Foreign Exchange Gap Strategies

Forex, or foreign exchange, trading is an extremely popular way of making money. Due to its unforeseeable nature there are a number of strategies that are widely used as a way of determining the best time to invest and therefore the best chances of making money with the system.

When using gap strategies you will come across ‘gapping up’ – when the opening level is higher than yesterday’s closing level – or ‘gapping down’ – when the opening level is lower than the previous day’s closing level. If the price is the same then there was no gap.

For example, the price will be set at a certain level at the time the market closes, and this price may either remain the same or be higher or lower by the time the market opens the next day.

Forex gap trading strategies have been used to great success for many. Though there is always risk when it comes to forex trading, knowing the gaps and knowing to use this information to your advantage really can help you to increase your profits quicker than you normally would.

Forex gap trading strategies have been used to great success for many. Though there is always risk when it comes to forex trading, knowing the gaps and knowing to use this information to your advantage really can help you to increase your profits quicker than you normally would.

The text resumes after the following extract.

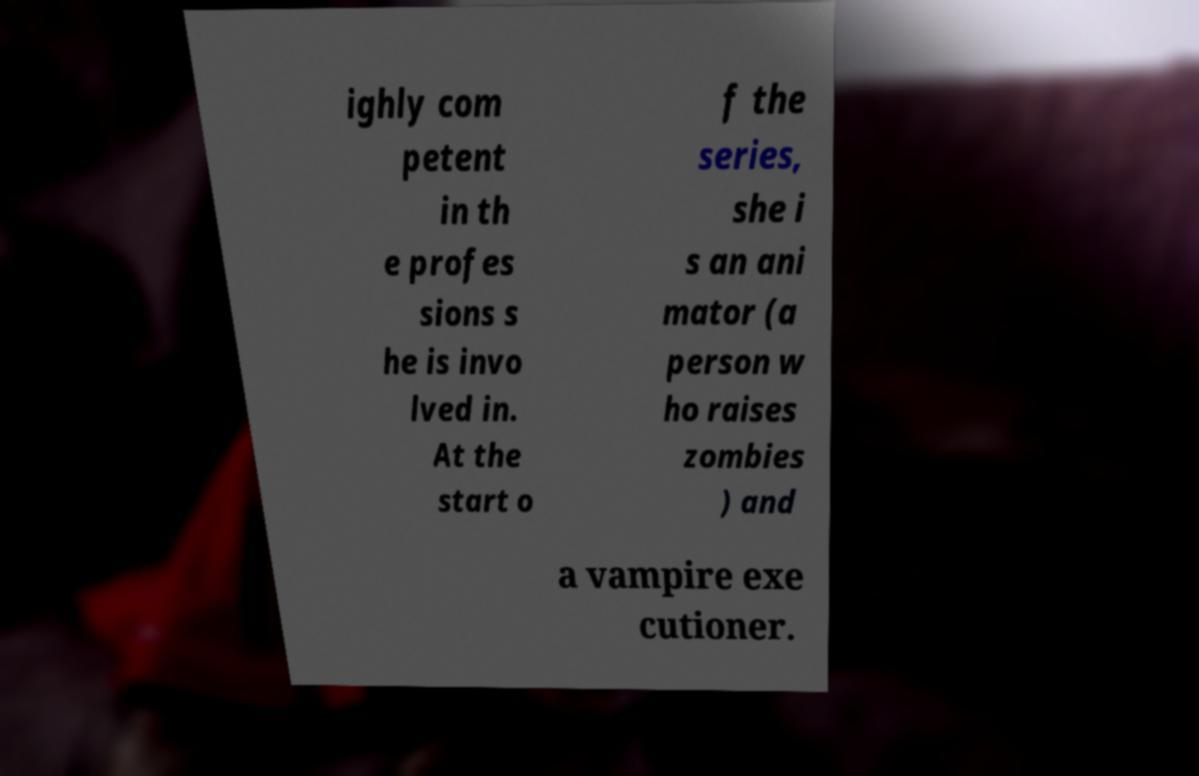Can you read and provide the text displayed in the image?This photo seems to have some interesting text. Can you extract and type it out for me? ighly com petent in th e profes sions s he is invo lved in. At the start o f the series, she i s an ani mator (a person w ho raises zombies ) and a vampire exe cutioner. 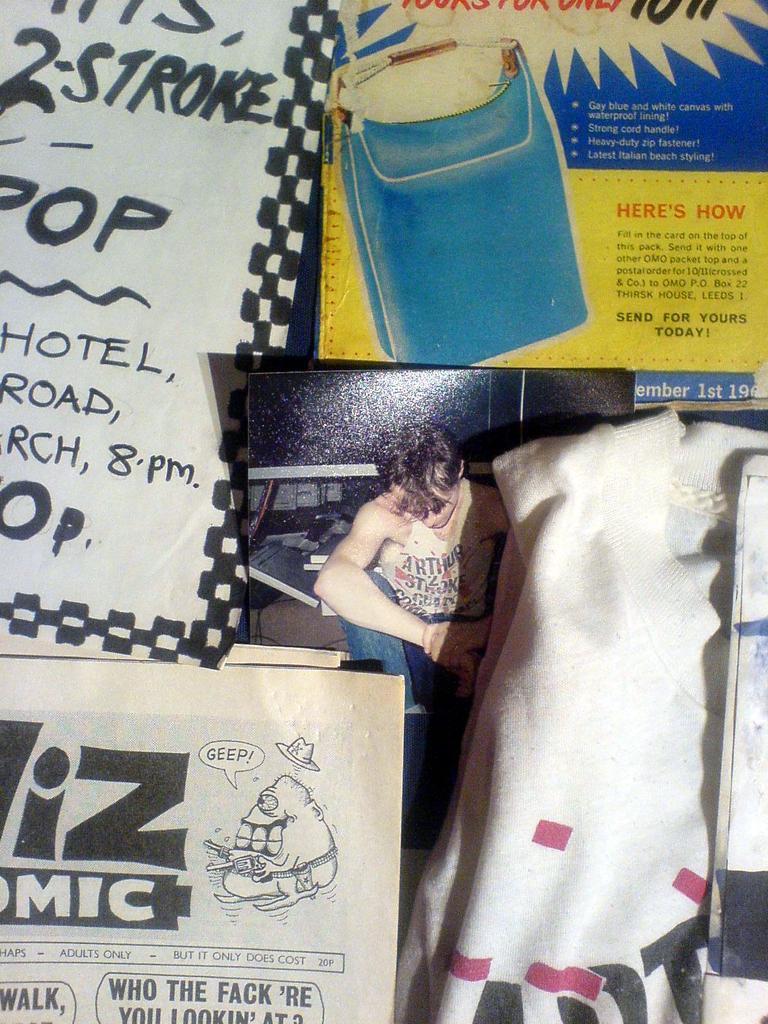Please provide a concise description of this image. In this image, we can see boards, papers and there is a cloth.

When using gap strategies you will come across ‘gapping up’ – when the opening level is higher than yesterday’s closing level – or ‘gapping down’ – when the opening level is lower than the previous day’s closing level. If the price is the same then there was no gap.

Forex gap trading strategies have been used to great success for many. Though there is always risk when it comes to forex trading, knowing the gaps and knowing to use this information to your advantage really can help you to increase your profits quicker than you normally would.